Developer(s) Broderbund
Publisher(s) Broderbund Software
The Learning Company (after Broderbund's purchase)
Series Carmen Sandiego
Platform(s) Windows, Mac OS
Release date(s) 1997
Genre(s) Educational, adventure
Mode(s) Single-player

Carmen Sandiego's Great Chase Through Time (previously Where in Time Is Carmen Sandiego? and sometimes given the subtitle v3.0) is a 1997 edutainment point-and-click adventure game developed by Broderbund for Microsoft Windows and Macintosh devices. The game is a remake of the 1989 time-travel title Where in Time Is Carmen Sandiego?, making it the second Time video game in the Carmen Sandiego franchise. The game was strongly influenced by the short-lived PBS game show, Where in Time Is Carmen Sandiego?. The game was previewed at the 1997 Toy Fair in New York City. A demo version was included on the CD for Carmen Sandiego Word Detective and was available on the Carmen Sandiego website.
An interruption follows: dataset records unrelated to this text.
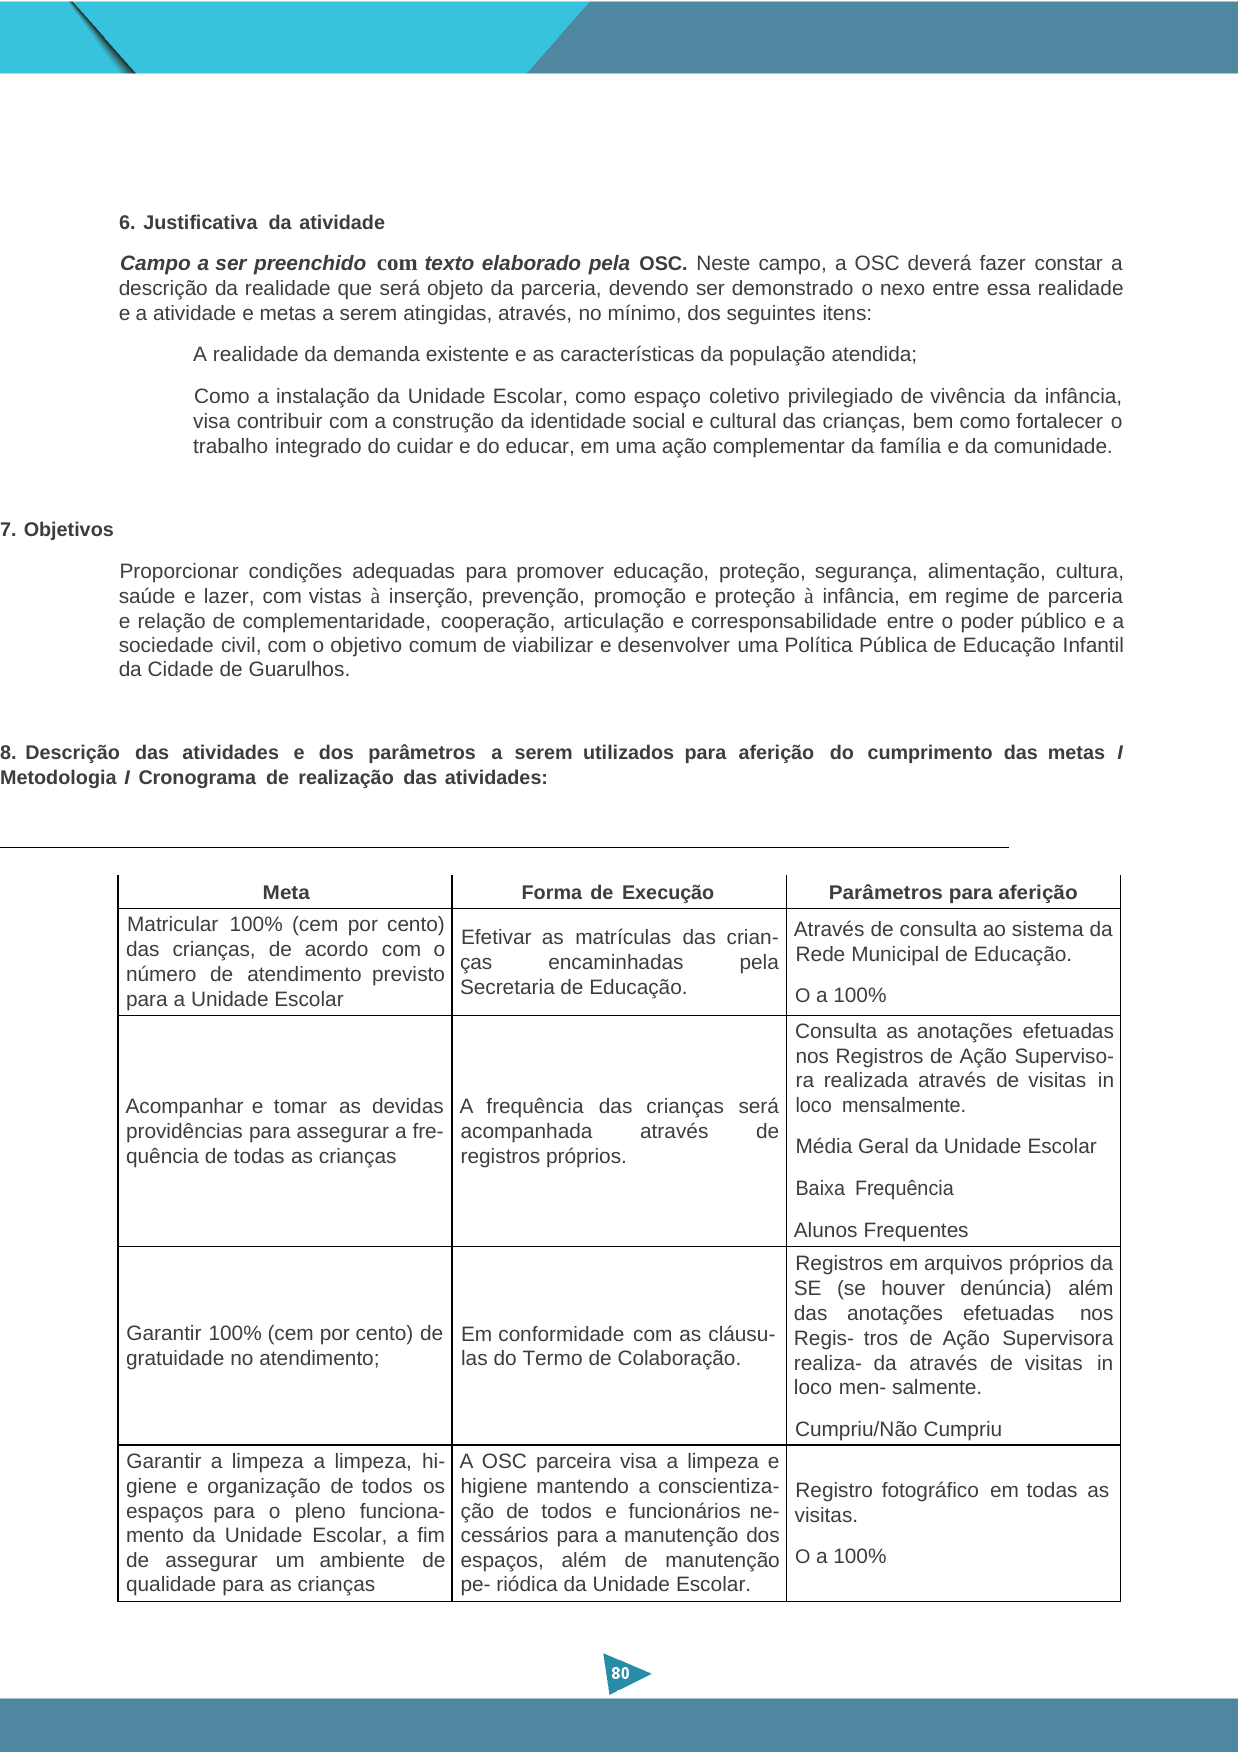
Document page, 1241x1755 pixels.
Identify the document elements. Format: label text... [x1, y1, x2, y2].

table_cell Consulta as anotações efetuadas nos Registros de Ação Superviso- ra realizada através de visitas in loco mensalmente. Média Geral da Unidade Escolar Baixa Frequência Alunos Frequentes [787, 1016, 1120, 1246]
table_cell Registros em arquivos próprios da SE (se houver denúncia) além das anotações efetuadas nos Regis- tros de Ação Supervisora realiza- da através de visitas in loco men- salmente. Cumpriu/Não Cumpriu [787, 1247, 1120, 1444]
table_cell A OSC parceira visa a limpeza e higiene mantendo a conscientiza- ção de todos e funcionários ne- cessários para a manutenção dos espaços, além de manutenção pe- riódica da Unidade Escolar. [453, 1446, 786, 1601]
table_header Forma de Execução [453, 875, 786, 908]
text Campo a ser preenchido com texto elaborado pela OSC. Neste campo, a OSC deverá fazer constar a descrição da realidade que será objeto da parceria, devendo ser demonstrado o nexo entre essa realidade e a atividade e metas a serem atingidas, através, no mínimo, dos seguintes itens: [118, 249, 1123, 324]
table_cell Acompanhar e tomar as devidas providências para assegurar a fre- quência de todas as crianças [119, 1016, 451, 1246]
text A realidade da demanda existente e as características da população atendida; [193, 342, 1241, 366]
list Objetivos [0, 517, 1241, 540]
table_header Parâmetros para aferição [787, 875, 1120, 908]
table_cell Efetivar as matrículas das crian- ças encaminhadas pela Secretaria de Educação. [453, 909, 786, 1015]
list Descrição das atividades e dos parâmetros a serem utilizados para aferição do cumprimento das metas I Metodologia I Cronograma de realização das atividades: [0, 741, 1123, 788]
table_cell Em conformidade com as cláusu- las do Termo de Colaboração. [453, 1247, 786, 1444]
table_cell A frequência das crianças será acompanhada através de registros próprios. [453, 1016, 786, 1246]
table_cell Matricular 100% (cem por cento) das crianças, de acordo com o número de atendimento previsto para a Unidade Escolar [119, 909, 451, 1015]
text Proporcionar condições adequadas para promover educação, proteção, segurança, alimentação, cultura, saúde e lazer, com vistas à inserção, prevenção, promoção e proteção à infância, em regime de parceria e relação de complementaridade, cooperação, articulação e corresponsabilidade entre o poder público e a sociedade civil, com o objetivo comum de viabilizar e desenvolver uma Política Pública de Educação Infantil da Cidade de Guarulhos. [118, 558, 1124, 681]
table_cell Registro fotográfico em todas as visitas. O a 100% [787, 1446, 1120, 1601]
text Como a instalação da Unidade Escolar, como espaço coletivo privilegiado de vivência da infância, visa contribuir com a construção da identidade social e cultural das crianças, bem como fortalecer o trabalho integrado do cuidar e do educar, em uma ação complementar da família e da comunidade. [193, 384, 1123, 457]
table_cell Garantir 100% (cem por cento) de gratuidade no atendimento; [119, 1247, 451, 1444]
table_header Meta [119, 875, 451, 908]
table_cell Através de consulta ao sistema da Rede Municipal de Educação. O a 100% [787, 909, 1120, 1015]
table_cell Garantir a limpeza a limpeza, hi- giene e organização de todos os espaços para o pleno funciona- mento da Unidade Escolar, a fim de assegurar um ambiente de qualidade para as crianças [119, 1446, 451, 1601]

After Broderbund was sold to The Learning Company, the game was re-released with the new title—Carmen Sandiego's Great Chase Through Time—but minimal redesign.

The game's narrative involves master thief Carmen Sandiego, who has used a time machine called the Chronoskimmer to plant her associates at key historical events to stop them from occurring. The object of the game is to track down Carmen Sandiego and her henchmen by jumping through time tunnels that link historical periods together, retrieve the stolen item, and correct the course of history. During each case, the player visits a well-known historical event, such as the signing of the Declaration of Independence or Lewis and Clark's expedition to the Pacific Northwest, and meets historical figures like Queen Hatshepsut, William the Conqueror, and Yuri Gagarin. At the end of case 18, the player locates the Chronoskimmer, thereby acquiring the tools to chase and capture Carmen for the final case.

Carmen Sandiego's Great Chase Through Time received critical acclaim upon its release, earning praise for its story, soundtrack, puzzle-solving and historical content. It was awarded Computer Edutainment Game of the Year at the 1998 D.I.C.E. Awards.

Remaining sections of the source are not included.